(Listed records):

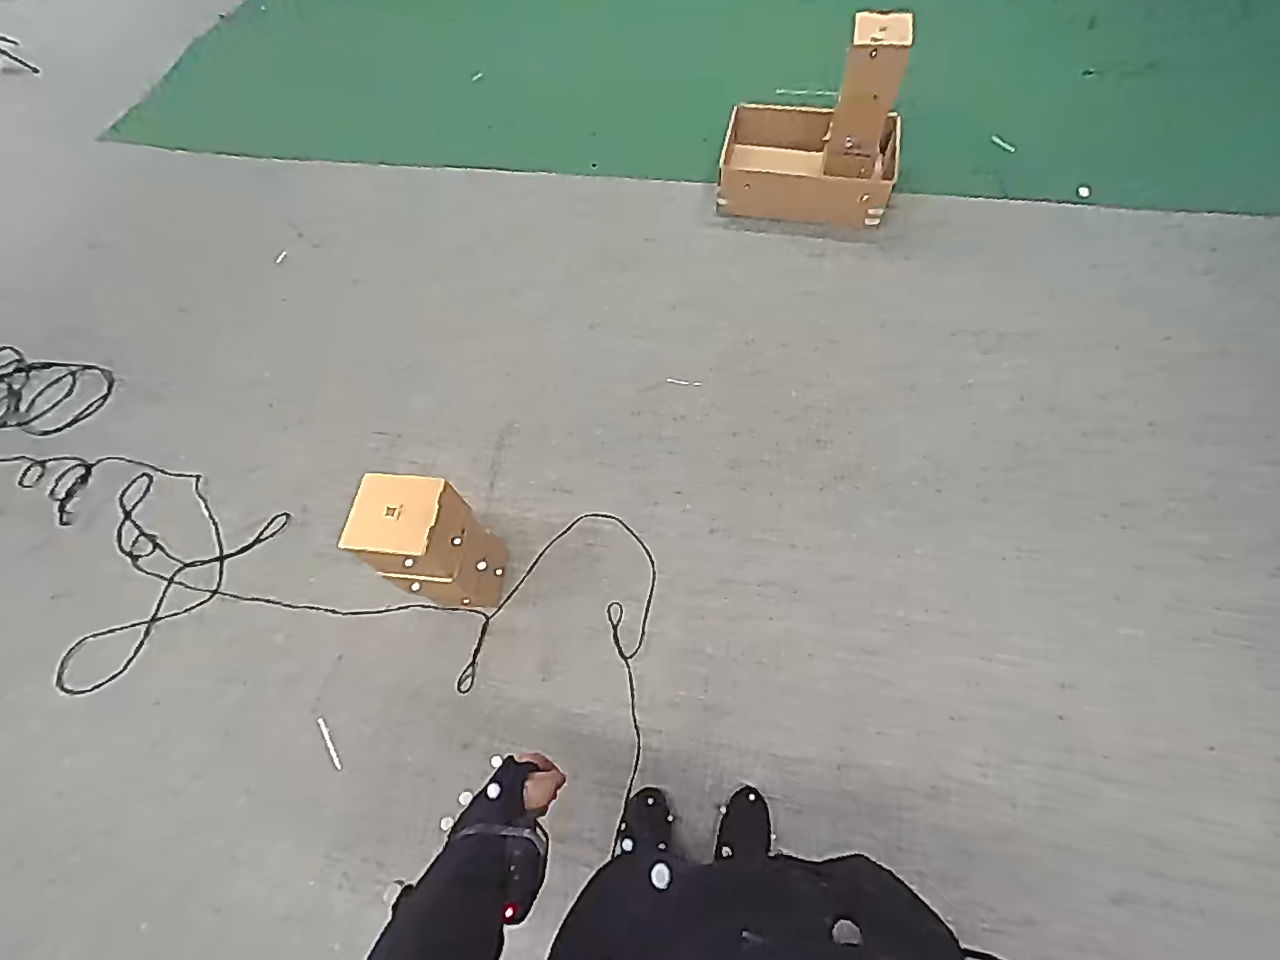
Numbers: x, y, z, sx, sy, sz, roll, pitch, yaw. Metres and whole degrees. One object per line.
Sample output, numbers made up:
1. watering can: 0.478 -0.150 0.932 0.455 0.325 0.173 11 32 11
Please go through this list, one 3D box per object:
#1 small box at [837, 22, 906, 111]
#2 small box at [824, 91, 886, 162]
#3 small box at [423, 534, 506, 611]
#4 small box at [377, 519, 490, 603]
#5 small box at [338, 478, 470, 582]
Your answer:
1. small box: 0.727 -1.306 1.709 0.168 0.176 0.179 8 64 10
2. small box: 0.740 -1.234 1.856 0.168 0.176 0.179 11 66 11
3. small box: -0.469 0.247 1.436 0.179 0.176 0.168 1 62 6
4. small box: -0.479 0.188 1.283 0.179 0.176 0.168 5 64 6
5. small box: -0.486 0.109 1.140 0.179 0.176 0.168 4 63 5

(Problem requirements):
Go through the material above and copy each line that holds the string "object".

(Answer space):
Numbers: x, y, z, sx, sy, sz, roll, pitch, yaw. Metres and whole degrees. One object per line.
Please go through this list, one 3D box per object:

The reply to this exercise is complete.